• **Work task**:
Narrow the data below down to the lines containing "closed".

• **Source material**:
"""
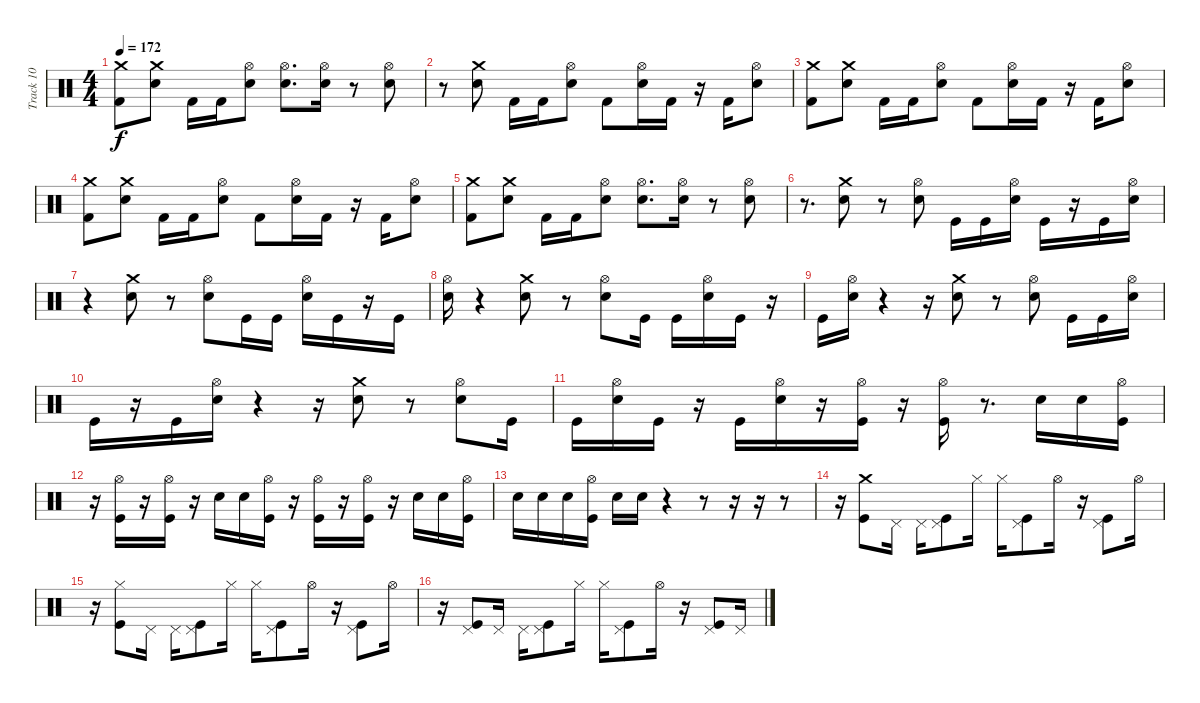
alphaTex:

\track ("Track 10" "Track 10") {instrument percussion}
\staff {score}
\articulation defaults
\ts (4 4)
\tempo 172
\clef neutral
\ks c
("Crash medium (hit)" "Kick (hit) 2").8{dy f} ("Crash medium (hit)" "Electric Snare (hit)").8 "Kick (hit) 2".16 "Kick (hit) 2".16 ("Hi-Hat (open)" "Electric Snare (hit)").8 ("Hi-Hat (open)" "Electric Snare (hit)").8{d} ("Hi-Hat (open)" "Electric Snare (hit)").16 r.8 ("Hi-Hat (open)" "Electric Snare (hit)").8 |
r.8 ("Crash medium (hit)" "Electric Snare (hit)").8 "Kick (hit) 2".16 "Kick (hit) 2".16 ("Hi-Hat (open)" "Electric Snare (hit)").8 "Kick (hit) 2".8 ("Hi-Hat (open)" "Electric Snare (hit)").16 "Kick (hit) 2".16 r.16 "Kick (hit) 2".16 ("Hi-Hat (open)" "Electric Snare (hit)").8 |
("Crash medium (hit)" "Kick (hit) 2").8 ("Crash medium (hit)" "Electric Snare (hit)").8 "Kick (hit) 2".16 "Kick (hit) 2".16 ("Hi-Hat (open)" "Electric Snare (hit)").8 "Kick (hit) 2".8 ("Hi-Hat (open)" "Electric Snare (hit)").16 "Kick (hit) 2".16 r.16 "Kick (hit) 2".16 ("Hi-Hat (open)" "Electric Snare (hit)").8 |
("Crash medium (hit)" "Kick (hit) 2").8 ("Crash medium (hit)" "Electric Snare (hit)").8 "Kick (hit) 2".16 "Kick (hit) 2".16 ("Hi-Hat (open)" "Electric Snare (hit)").8 "Kick (hit) 2".8 ("Hi-Hat (open)" "Electric Snare (hit)").16 "Kick (hit) 2".16 r.16 "Kick (hit) 2".16 ("Hi-Hat (open)" "Electric Snare (hit)").8 |
("Crash medium (hit)" "Kick (hit) 2").8 ("Crash medium (hit)" "Electric Snare (hit)").8 "Kick (hit) 2".16 "Kick (hit) 2".16 ("Hi-Hat (open)" "Electric Snare (hit)").8 ("Hi-Hat (open)" "Electric Snare (hit)").8{d} ("Hi-Hat (open)" "Electric Snare (hit)").16 r.8 ("Hi-Hat (open)" "Electric Snare (hit)").8 |
r.8{d} ("Crash medium (hit)" "Electric Snare (hit)").8 r.8 ("Hi-Hat (open)" "Electric Snare (hit)").8 "Kick (hit)".16 "Kick (hit)".16 ("Hi-Hat (open)" "Electric Snare (hit)").16 "Kick (hit)".16 r.16 "Kick (hit)".16 ("Hi-Hat (open)" "Electric Snare (hit)").16 |
r.4 ("Crash medium (hit)" "Electric Snare (hit)").8 r.8 ("Hi-Hat (open)" "Electric Snare (hit)").8 "Kick (hit)".16 "Kick (hit)".16 ("Hi-Hat (open)" "Electric Snare (hit)").16 "Kick (hit)".16 r.16 "Kick (hit)".16 |
("Hi-Hat (open)" "Electric Snare (hit)").16 r.4 ("Crash medium (hit)" "Electric Snare (hit)").8 r.8 ("Hi-Hat (open)" "Electric Snare (hit)").8 "Kick (hit)".16 "Kick (hit)".16 ("Hi-Hat (open)" "Electric Snare (hit)").16 "Kick (hit)".16 r.16 |
"Kick (hit)".16 ("Hi-Hat (open)" "Electric Snare (hit)").16 r.4 r.16 ("Crash medium (hit)" "Electric Snare (hit)").8 r.8 ("Hi-Hat (open)" "Electric Snare (hit)").8 "Kick (hit)".16 "Kick (hit)".16 ("Hi-Hat (open)" "Electric Snare (hit)").16 |
"Kick (hit)".16 r.16 "Kick (hit)".16 ("Hi-Hat (open)" "Electric Snare (hit)").16 r.4 r.16 ("Crash medium (hit)" "Electric Snare (hit)").8 r.8 ("Hi-Hat (open)" "Electric Snare (hit)").8 "Kick (hit)".16 |
"Kick (hit)".16 ("Hi-Hat (open)" "Electric Snare (hit)").16 "Kick (hit)".16 r.16 "Kick (hit)".16 ("Hi-Hat (open)" "Electric Snare (hit)").16 r.16 ("Hi-Hat (open)" "Kick (hit)").16 r.16 ("Hi-Hat (open)" "Kick (hit)").16 r.8{d} "Electric Snare (hit)".16 "Electric Snare (hit)".16 ("Hi-Hat (open)" "Kick (hit)").16 |
r.16 ("Hi-Hat (open)" "Kick (hit)").16 r.16 ("Hi-Hat (open)" "Kick (hit)").16 r.16 "Electric Snare (hit)".16 "Electric Snare (hit)".16 ("Hi-Hat (open)" "Kick (hit)").16 r.16 ("Hi-Hat (open)" "Kick (hit)").16 r.16 ("Hi-Hat (open)" "Kick (hit)").16 r.16 "Electric Snare (hit)".16 "Electric Snare (hit)".16 ("Hi-Hat (open)" "Kick (hit)").16 |
"Electric Snare (hit)".16 "Electric Snare (hit)".16 "Electric Snare (hit)".16 ("Hi-Hat (open)" "Kick (hit)").16 "Electric Snare (hit)".16 "Electric Snare (hit)".16 r.4 r.8 r.16 r.16 r.8 |
r.16 ("Crash medium (hit)" "Kick (hit)").8 "Pedal Hi-Hat (hit)".16 "Pedal Hi-Hat (hit)".16 ("Pedal Hi-Hat (hit)" "Kick (hit)").8 "Hi-Hat (closed)".16 "Hi-Hat (closed)".16 ("Pedal Hi-Hat (hit)" "Kick (hit)").8 "Hi-Hat (open)".16 r.16 ("Pedal Hi-Hat (hit)" "Kick (hit)").8 "Hi-Hat (open)".16 |
r.16 ("Hi-Hat (closed)" "Kick (hit)").8 "Pedal Hi-Hat (hit)".16 "Pedal Hi-Hat (hit)".16 ("Pedal Hi-Hat (hit)" "Kick (hit)").8 "Hi-Hat (closed)".16 "Hi-Hat (closed)".16 ("Pedal Hi-Hat (hit)" "Kick (hit)").8 "Hi-Hat (open)".16 r.16 ("Pedal Hi-Hat (hit)" "Kick (hit)").8 "Hi-Hat (open)".16 |
r.16 ("Pedal Hi-Hat (hit)" "Kick (hit)").8 "Pedal Hi-Hat (hit)".16 "Pedal Hi-Hat (hit)".16 ("Pedal Hi-Hat (hit)" "Kick (hit)").8 "Hi-Hat (closed)".16 "Hi-Hat (closed)".16 ("Pedal Hi-Hat (hit)" "Kick (hit)").8 "Hi-Hat (open)".16 r.16 ("Pedal Hi-Hat (hit)" "Kick (hit)").8 "Pedal Hi-Hat (hit)".16
"""
• **Task result**:
r.16 ("Crash medium (hit)" "Kick (hit)").8 "Pedal Hi-Hat (hit)".16 "Pedal Hi-Hat (hit)".16 ("Pedal Hi-Hat (hit)" "Kick (hit)").8 "Hi-Hat (closed)".16 "Hi-Hat (closed)".16 ("Pedal Hi-Hat (hit)" "Kick (hit)").8 "Hi-Hat (open)".16 r.16 ("Pedal Hi-Hat (hit)" "Kick (hit)").8 "Hi-Hat (open)".16 |
r.16 ("Hi-Hat (closed)" "Kick (hit)").8 "Pedal Hi-Hat (hit)".16 "Pedal Hi-Hat (hit)".16 ("Pedal Hi-Hat (hit)" "Kick (hit)").8 "Hi-Hat (closed)".16 "Hi-Hat (closed)".16 ("Pedal Hi-Hat (hit)" "Kick (hit)").8 "Hi-Hat (open)".16 r.16 ("Pedal Hi-Hat (hit)" "Kick (hit)").8 "Hi-Hat (open)".16 |
r.16 ("Pedal Hi-Hat (hit)" "Kick (hit)").8 "Pedal Hi-Hat (hit)".16 "Pedal Hi-Hat (hit)".16 ("Pedal Hi-Hat (hit)" "Kick (hit)").8 "Hi-Hat (closed)".16 "Hi-Hat (closed)".16 ("Pedal Hi-Hat (hit)" "Kick (hit)").8 "Hi-Hat (open)".16 r.16 ("Pedal Hi-Hat (hit)" "Kick (hit)").8 "Pedal Hi-Hat (hit)".16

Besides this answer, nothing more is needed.